Return all of the data exactly as written, without the pictures.
Records shown section start
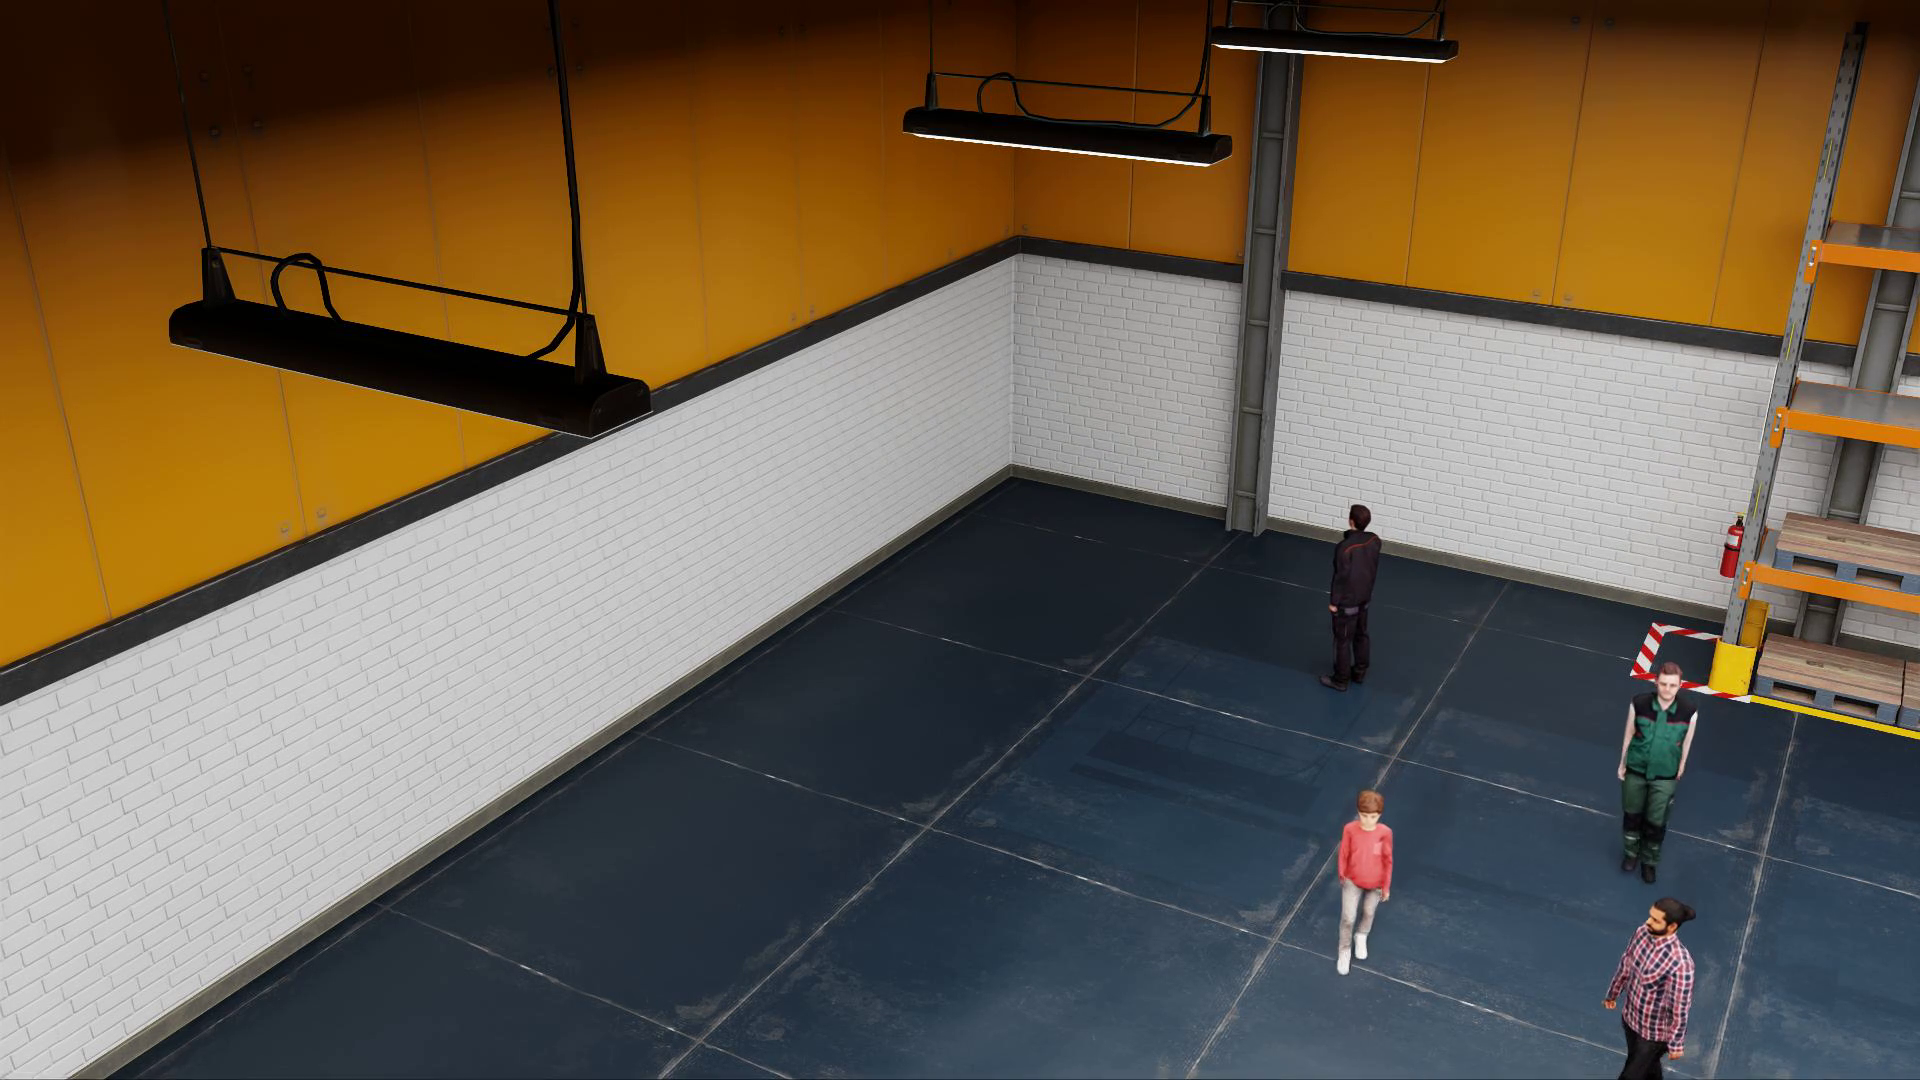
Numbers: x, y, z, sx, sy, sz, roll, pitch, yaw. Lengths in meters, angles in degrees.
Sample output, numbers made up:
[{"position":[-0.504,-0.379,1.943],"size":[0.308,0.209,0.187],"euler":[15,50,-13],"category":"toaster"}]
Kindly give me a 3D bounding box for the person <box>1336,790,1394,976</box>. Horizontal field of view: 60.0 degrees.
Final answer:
[{"position":[2.893,2.368,11.889],"size":[0.709,1.400,0.708],"euler":[3,24,8],"category":"person"}]

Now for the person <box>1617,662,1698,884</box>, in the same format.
[{"position":[5.332,1.727,12.817],"size":[0.616,1.831,0.710],"euler":[11,26,24],"category":"person"}]

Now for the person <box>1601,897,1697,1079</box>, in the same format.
[{"position":[4.294,2.931,10.179],"size":[1.160,1.738,1.057],"euler":[-3,24,-6],"category":"person"}]

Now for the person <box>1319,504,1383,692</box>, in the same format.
[{"position":[3.673,0.530,15.547],"size":[0.793,1.838,0.742],"euler":[-15,28,-31],"category":"person"}]
Records shown section end
▸ **Task output**
Numbers: x, y, z, sx, sy, sz, roll, pitch, yaw. Lengths in meters, angles in degrees.
Sample output, numbers made up:
[{"position":[-0.504,-0.379,1.943],"size":[0.308,0.209,0.187],"euler":[15,50,-13],"category":"toaster"}]
Kindly give me a 3D bounding box for the person <box>1336,790,1394,976</box>. Horizontal field of view: 60.0 degrees.
Final answer:
[{"position":[2.893,2.368,11.889],"size":[0.709,1.400,0.708],"euler":[3,24,8],"category":"person"}]

Now for the person <box>1617,662,1698,884</box>, in the same format.
[{"position":[5.332,1.727,12.817],"size":[0.616,1.831,0.710],"euler":[11,26,24],"category":"person"}]

Now for the person <box>1601,897,1697,1079</box>, in the same format.
[{"position":[4.294,2.931,10.179],"size":[1.160,1.738,1.057],"euler":[-3,24,-6],"category":"person"}]

Now for the person <box>1319,504,1383,692</box>, in the same format.
[{"position":[3.673,0.530,15.547],"size":[0.793,1.838,0.742],"euler":[-15,28,-31],"category":"person"}]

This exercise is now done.